Гришка помешан на мостах. Хотя надо уточнить: Гришка когда-то был помешан на мостах. Он их сочинял. Я помню его первые мосты, когда он только начинал как архитектор. Они имели совершенно невероятные, причудливые, фантастические формы. То извилистые, то волнообразные, то напоминающие колыбель. Они были различных цветов и оттенков. И по ним невозможно было ходить. Ими было возможно только любоваться. Это действительно было красиво. Но Гришку склоняли со всех сторон. За его непрактичную, ирреальную выдумку. За его сумасшедшее понятие дороги. А Гришка не обращал ни на кого внимания. Он только улыбался своими круглыми глазами из-под очков. И чесал лысеющий затылок.
– Они ни черта не понимают, эти дураки! – смущенно говорил он нам.
И тащил прогуляться по своим несовершенным творениям. Мы делали осторожные шаги. Но все равно спотыкались. И едва дойдя до середины моста. Тут же не выдерживали. И заворачивали обратно. Нам казалось, что мост непременно рухнет. И мы предпочитали любоваться им издалека. Но ни один мост никогда, как ни странно, не рухнул. Может быть, потому, что по ним никто практически не ходил.
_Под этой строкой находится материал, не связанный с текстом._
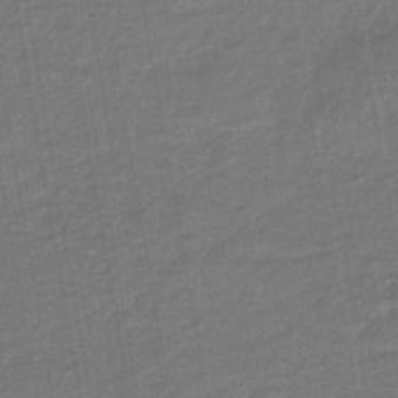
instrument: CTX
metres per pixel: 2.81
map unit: eHb
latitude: -46.7841
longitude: 88.1228
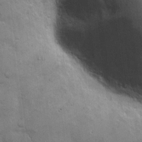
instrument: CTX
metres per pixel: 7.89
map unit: eHh
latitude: 11.4616
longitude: -67.1592
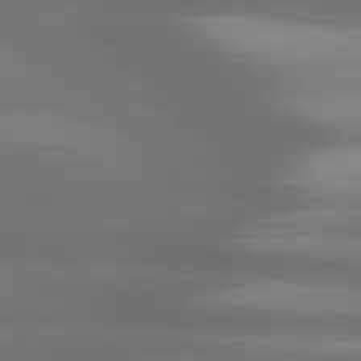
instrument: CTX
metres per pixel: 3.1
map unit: lApd
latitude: 80.2900
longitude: -138.6679
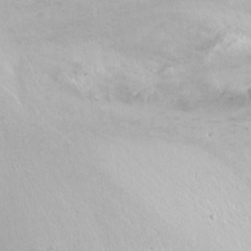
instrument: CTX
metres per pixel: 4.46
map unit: Nhu
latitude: -6.8597
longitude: -47.0648
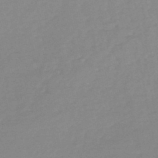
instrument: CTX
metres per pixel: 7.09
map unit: HNhu
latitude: -48.8786
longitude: 99.4076
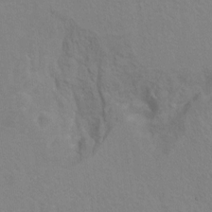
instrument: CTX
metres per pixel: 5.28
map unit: Hto
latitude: 6.9892
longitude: -34.4979

С каждым годом мосты моего друга Гришки приобретали новые, более совершенные формы. Они становились ровными, гладкими, очень прочными. И главное – доступными всем. По ним стали мотаться машины. И шнырять пешеходы. Но Гришка уже почему-то не приглашал нас прогуляться по ним. Он все чаще предпочитал своим выдумкам кружку пива в ресторане. Любил сидеть там с набитым ртом и нудеть о каких-то бесконечных дорогах, которых не бывает. А мы и не настаивали. В конце концов, может быть, те дураки и были правы. Вряд ли у кого появится желание без конца спотыкаться на дороге. И со страхом ждать, когда полетишь вниз головой.
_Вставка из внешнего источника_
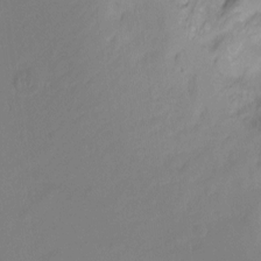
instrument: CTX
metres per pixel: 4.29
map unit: Hto
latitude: -10.8597
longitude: -40.2144
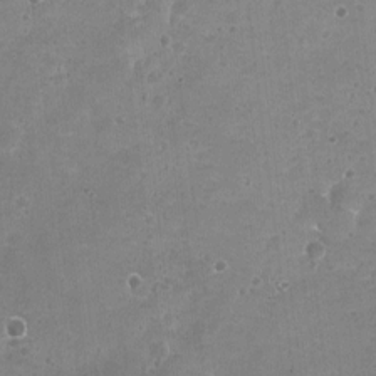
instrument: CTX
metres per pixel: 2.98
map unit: Ht
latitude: -4.7274
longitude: -36.5168
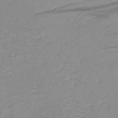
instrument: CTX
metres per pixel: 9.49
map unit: HNhu
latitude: -48.5385
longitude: 28.6896

Я ощупываю Гришкин костюм в яркую полоску.
Гришка с гордостью даже приподнимается с места:
– В Англии приобрел. Вот черти! Все им удается! И главное – все у них удобно! Начиная от костюмов и заканчивая мостами! Это наши все выпендриваются.
– Ты о чем, Гришка?
– Просто я признаю свое поражение! Идеалист проклятый! (Гриша постучал себя по широкому лбу). Все твердил о каких-то невероятных проектах. Впрочем, скорее всего, я наконец-то повзрослел. Высокий мост – это обязательно, когда по нему ездят или ходят. Мост – это сам по себе высота. И ничего не нужно придумывать лишнего. Ведь это всего лишь мост… Бывает достаточно посмотреть вверх или вниз, разве этого мало? Почувствовать риск и не рисковать. 
– Я не понимаю, Гришка.
– Просто теперь я конструирую самые совершенные мосты. И даже получаю за это хорошие бабки. По моим мостам запросто шныряют машины и бегают пешеходы. И вряд ли у кого-нибудь из них возникнет желание риска. Они так спешат. Да и зачем все это? Риск – это, скорее, удел бездельников и тупоголовых романтиков. Мы же далеко не такие. Так ведь, Колька?
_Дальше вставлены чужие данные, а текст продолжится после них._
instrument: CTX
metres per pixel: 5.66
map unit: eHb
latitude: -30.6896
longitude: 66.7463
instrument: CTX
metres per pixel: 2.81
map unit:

– Но ведь у тебя все нормально?
– Абсолютно! – Он проворно нанизал на вилку кусок ветчины и с удовольствием забросил ее в рот – Я научился главному. Жизнь без риска гораздо безопаснее, гораздо логичнее, и главное – умнее. Мне нравится, очень нравится жить именно так. И именно так строить мосты. У меня хорошие получаются мосты…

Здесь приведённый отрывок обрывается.